## [BRIEF]
Wherever an image appears in the data, omit it and copy all the remaining text word for word.

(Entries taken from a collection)
┄┄┄┄┄┄┄┄┄┄┄┄┄┄┄┄┄┄┄┄

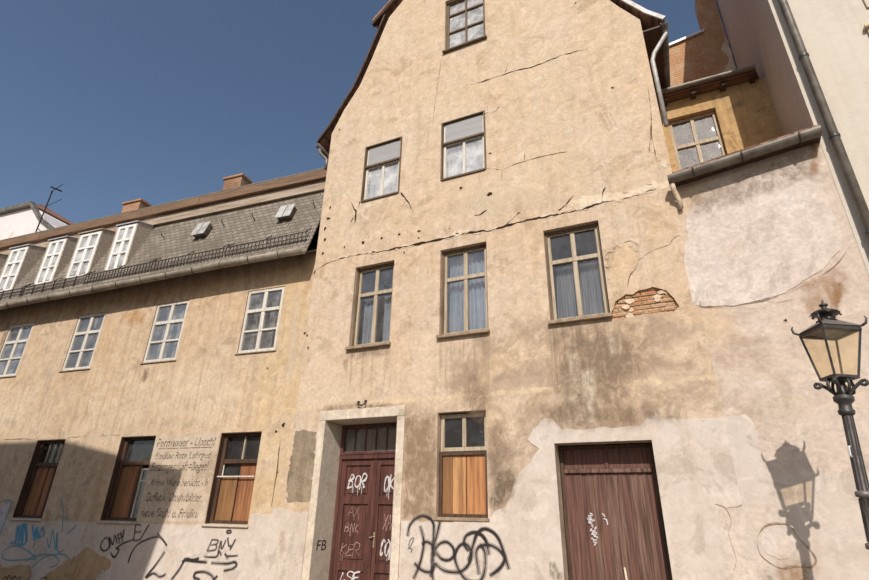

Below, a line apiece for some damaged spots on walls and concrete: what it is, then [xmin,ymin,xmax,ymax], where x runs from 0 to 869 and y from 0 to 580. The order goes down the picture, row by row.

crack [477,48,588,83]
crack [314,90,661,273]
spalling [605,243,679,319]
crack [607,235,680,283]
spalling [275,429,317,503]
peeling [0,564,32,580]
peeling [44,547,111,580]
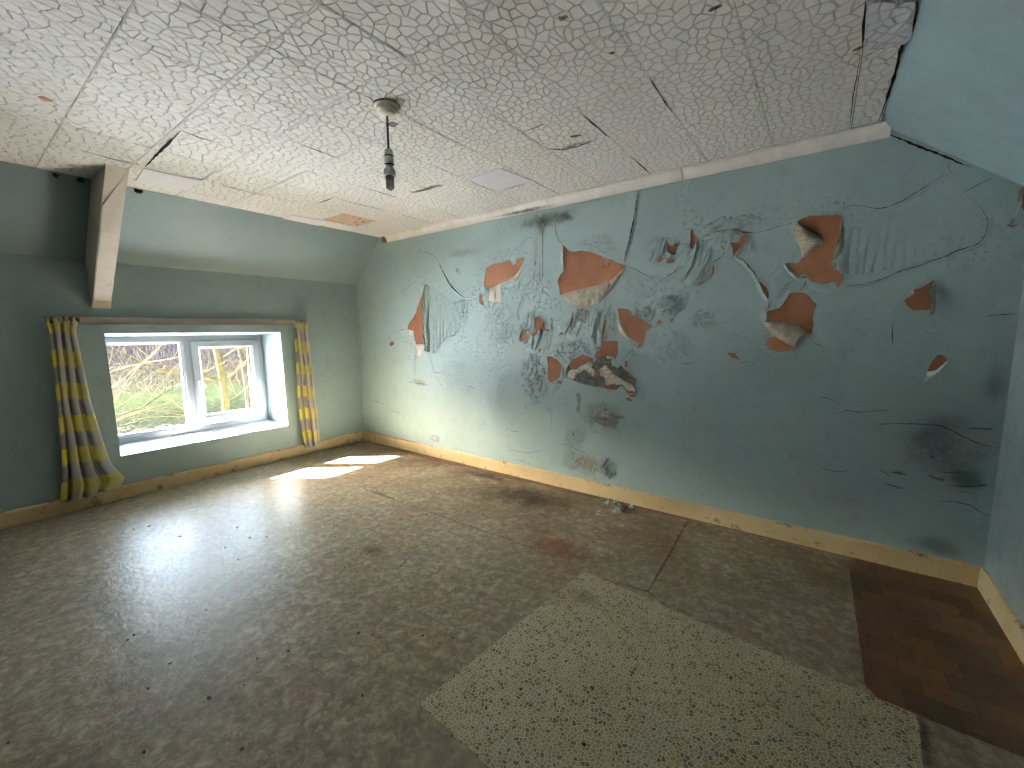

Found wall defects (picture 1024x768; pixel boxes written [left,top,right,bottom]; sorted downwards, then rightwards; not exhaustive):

┄┄┄┄┄┄┄┄┄┄┄┄┄┄┄┄┄┄┄┄

## [EXERCISE OUTPUT]
Below, a line apiece for some damaged spots on walls and concrete: what it is, then [xmin,ymin,xmax,ymax], where x runs from 0 to 869 and y from 0 to 580. The order goes down the picture, row by row.

crack [477,48,588,83]
crack [314,90,661,273]
spalling [605,243,679,319]
crack [607,235,680,283]
spalling [275,429,317,503]
peeling [0,564,32,580]
peeling [44,547,111,580]

Found wall defects (picture 1024x768; pixel boxes written [left,top,right,bottom]; sorted downwards, then rightwards; not exhaustive):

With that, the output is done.